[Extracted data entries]
Content starts

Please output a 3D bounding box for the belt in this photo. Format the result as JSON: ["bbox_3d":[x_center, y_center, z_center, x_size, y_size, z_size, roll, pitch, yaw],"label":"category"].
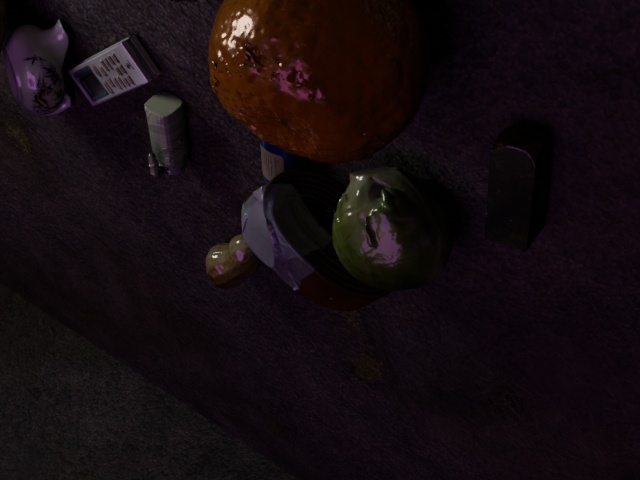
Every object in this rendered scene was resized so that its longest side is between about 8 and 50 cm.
[{"bbox_3d":[0.000,0.000,1.674,0.339,0.217,0.122,40,149,-9],"label":"belt"}]

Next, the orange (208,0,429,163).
[{"bbox_3d":[0.005,-0.284,1.253,0.341,0.293,0.340,23,165,7],"label":"orange"}]

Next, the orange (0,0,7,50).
[{"bbox_3d":[-0.866,-0.523,1.894,0.329,0.249,0.329,5,97,44],"label":"orange"}]

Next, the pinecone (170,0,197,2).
[{"bbox_3d":[-0.252,-0.477,1.486,0.109,0.102,0.102,38,148,13],"label":"pinecone"}]

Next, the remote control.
[{"bbox_3d":[-0.473,-0.380,1.873,0.277,0.055,0.103,-6,124,49],"label":"remote control"}]

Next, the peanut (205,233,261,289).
[{"bbox_3d":[-0.216,0.048,2.066,0.120,0.110,0.236,55,146,3],"label":"peanut"}]

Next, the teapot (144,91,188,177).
[{"bbox_3d":[-0.355,-0.228,1.883,0.077,0.107,0.200,26,145,18],"label":"teapot"}]

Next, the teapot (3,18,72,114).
[{"bbox_3d":[-0.672,-0.402,1.991,0.208,0.166,0.299,52,161,16],"label":"teapot"}]

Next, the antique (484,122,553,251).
[{"bbox_3d":[0.327,-0.091,1.355,0.081,0.080,0.220,22,142,26],"label":"antique"}]

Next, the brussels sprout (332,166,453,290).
[{"bbox_3d":[0.132,-0.019,1.537,0.244,0.244,0.244,27,145,21],"label":"brussels sprout"}]

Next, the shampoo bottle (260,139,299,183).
[{"bbox_3d":[-0.084,-0.157,1.734,0.087,0.050,0.183,24,144,20],"label":"shampoo bottle"}]
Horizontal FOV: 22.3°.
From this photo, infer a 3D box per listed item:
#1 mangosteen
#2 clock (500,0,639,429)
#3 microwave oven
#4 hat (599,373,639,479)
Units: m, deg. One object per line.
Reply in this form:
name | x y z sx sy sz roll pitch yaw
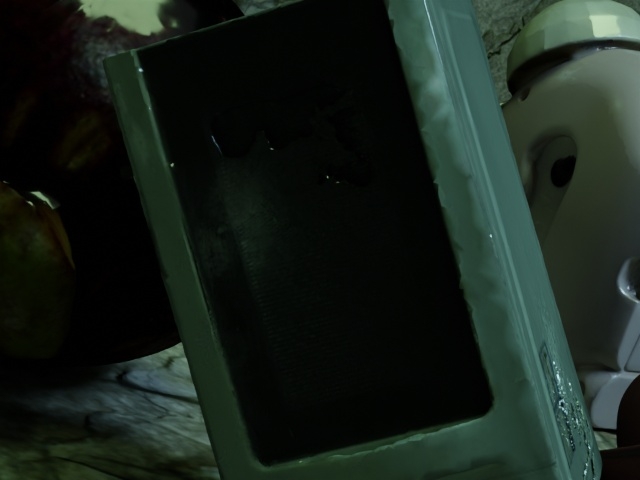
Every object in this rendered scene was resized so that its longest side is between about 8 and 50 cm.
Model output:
mangosteen | -0.187 -0.045 1.049 0.307 0.306 0.347 23 40 28
clock | 0.250 -0.026 1.468 0.184 0.342 0.326 16 18 -34
microwave oven | 0.021 0.027 0.858 0.181 0.295 0.237 -16 2 12
hat | 0.286 0.126 1.197 0.206 0.089 0.205 -13 -6 -1
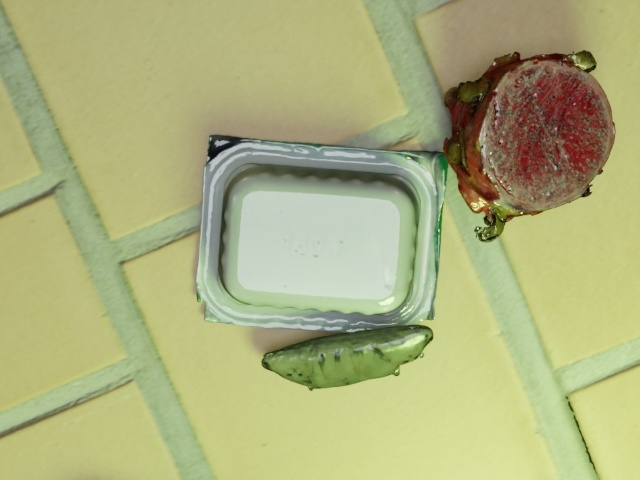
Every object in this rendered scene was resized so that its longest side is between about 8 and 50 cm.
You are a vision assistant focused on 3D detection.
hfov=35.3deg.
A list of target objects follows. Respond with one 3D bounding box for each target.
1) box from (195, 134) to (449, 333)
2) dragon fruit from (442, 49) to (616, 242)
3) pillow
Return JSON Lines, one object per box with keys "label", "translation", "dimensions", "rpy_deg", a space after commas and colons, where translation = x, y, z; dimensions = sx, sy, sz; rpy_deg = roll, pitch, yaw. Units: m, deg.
{"label": "box", "translation": [0.000, 0.000, 1.348], "dimensions": [0.336, 0.106, 0.264], "rpy_deg": [4, 95, -1]}
{"label": "dragon fruit", "translation": [0.253, -0.129, 1.322], "dimensions": [0.211, 0.147, 0.282], "rpy_deg": [32, 87, -17]}
{"label": "pillow", "translation": [0.041, 0.165, 1.377], "dimensions": [0.241, 0.051, 0.093], "rpy_deg": [-11, 127, 9]}
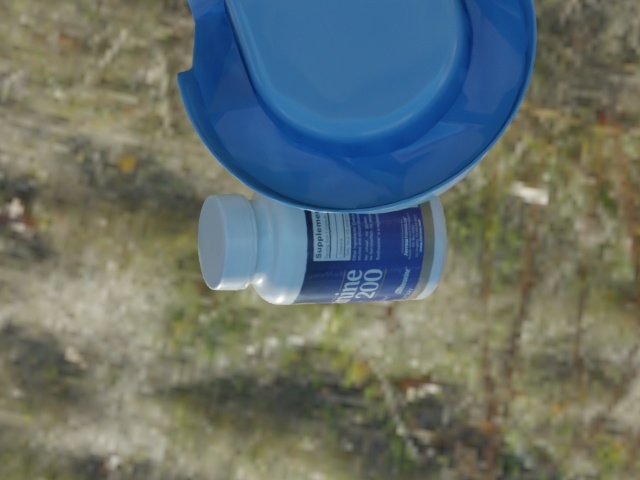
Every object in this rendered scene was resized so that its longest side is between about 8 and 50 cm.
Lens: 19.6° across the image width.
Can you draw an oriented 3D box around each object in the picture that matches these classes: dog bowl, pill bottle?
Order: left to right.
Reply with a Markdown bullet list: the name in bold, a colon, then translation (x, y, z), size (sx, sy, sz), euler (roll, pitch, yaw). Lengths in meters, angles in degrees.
- **dog bowl**: translation (0.000, -0.146, 0.888), size (0.166, 0.297, 0.074), euler (-20, 164, 5)
- **pill bottle**: translation (0.000, 0.000, 0.972), size (0.120, 0.067, 0.067), euler (-1, 159, -21)
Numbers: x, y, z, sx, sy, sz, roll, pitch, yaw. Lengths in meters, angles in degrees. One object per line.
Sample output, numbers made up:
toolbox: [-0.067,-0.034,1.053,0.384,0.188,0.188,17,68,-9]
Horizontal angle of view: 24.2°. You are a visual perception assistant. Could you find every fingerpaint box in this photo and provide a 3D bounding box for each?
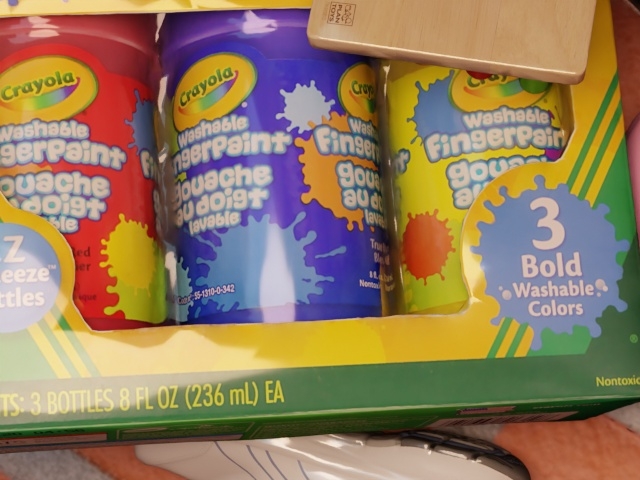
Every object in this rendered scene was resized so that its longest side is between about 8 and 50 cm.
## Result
fingerpaint box: [-0.034,-0.060,0.972,0.445,0.163,0.371,-2,77,-8]

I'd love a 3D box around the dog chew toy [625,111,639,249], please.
dog chew toy: [0.293,0.001,0.910,0.207,0.332,0.206,0,108,0]

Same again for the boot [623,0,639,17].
boot: [0.259,-0.199,1.007,0.090,0.248,0.207,-11,55,40]

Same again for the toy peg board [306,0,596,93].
toy peg board: [0.088,-0.167,0.903,0.161,0.079,0.161,9,72,8]

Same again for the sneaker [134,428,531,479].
sneaker: [-0.004,0.185,1.074,0.297,0.111,0.129,10,90,20]
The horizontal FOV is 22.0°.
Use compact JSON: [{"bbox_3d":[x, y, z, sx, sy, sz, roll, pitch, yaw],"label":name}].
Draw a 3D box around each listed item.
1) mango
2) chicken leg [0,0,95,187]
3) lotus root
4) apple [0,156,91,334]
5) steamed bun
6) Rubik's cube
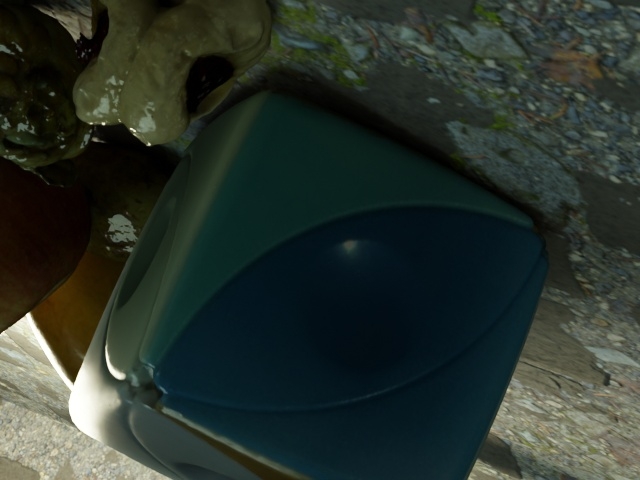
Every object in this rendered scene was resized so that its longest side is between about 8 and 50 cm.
[{"bbox_3d":[-0.222,0.115,2.159,0.232,0.300,0.445,-35,106,29],"label":"mango"},{"bbox_3d":[-0.408,-0.216,1.671,0.429,0.152,0.201,29,172,13],"label":"chicken leg"},{"bbox_3d":[-0.237,-0.046,1.939,0.260,0.128,0.145,12,149,34],"label":"lotus root"},{"bbox_3d":[-0.404,-0.020,1.787,0.302,0.301,0.301,23,163,8],"label":"apple"},{"bbox_3d":[-0.144,-0.160,1.431,0.172,0.155,0.141,24,161,3],"label":"steamed bun"},{"bbox_3d":[-0.020,0.090,1.648,0.352,0.351,0.347,25,162,-14],"label":"Rubik's cube"}]

Content ends

TASK PROMPT
For each line of the entries that includes "listed", show that line.

PROBLEM SOLUTION
From this photo, infer a 3D box per listed item:
Draw a 3D box around each listed item.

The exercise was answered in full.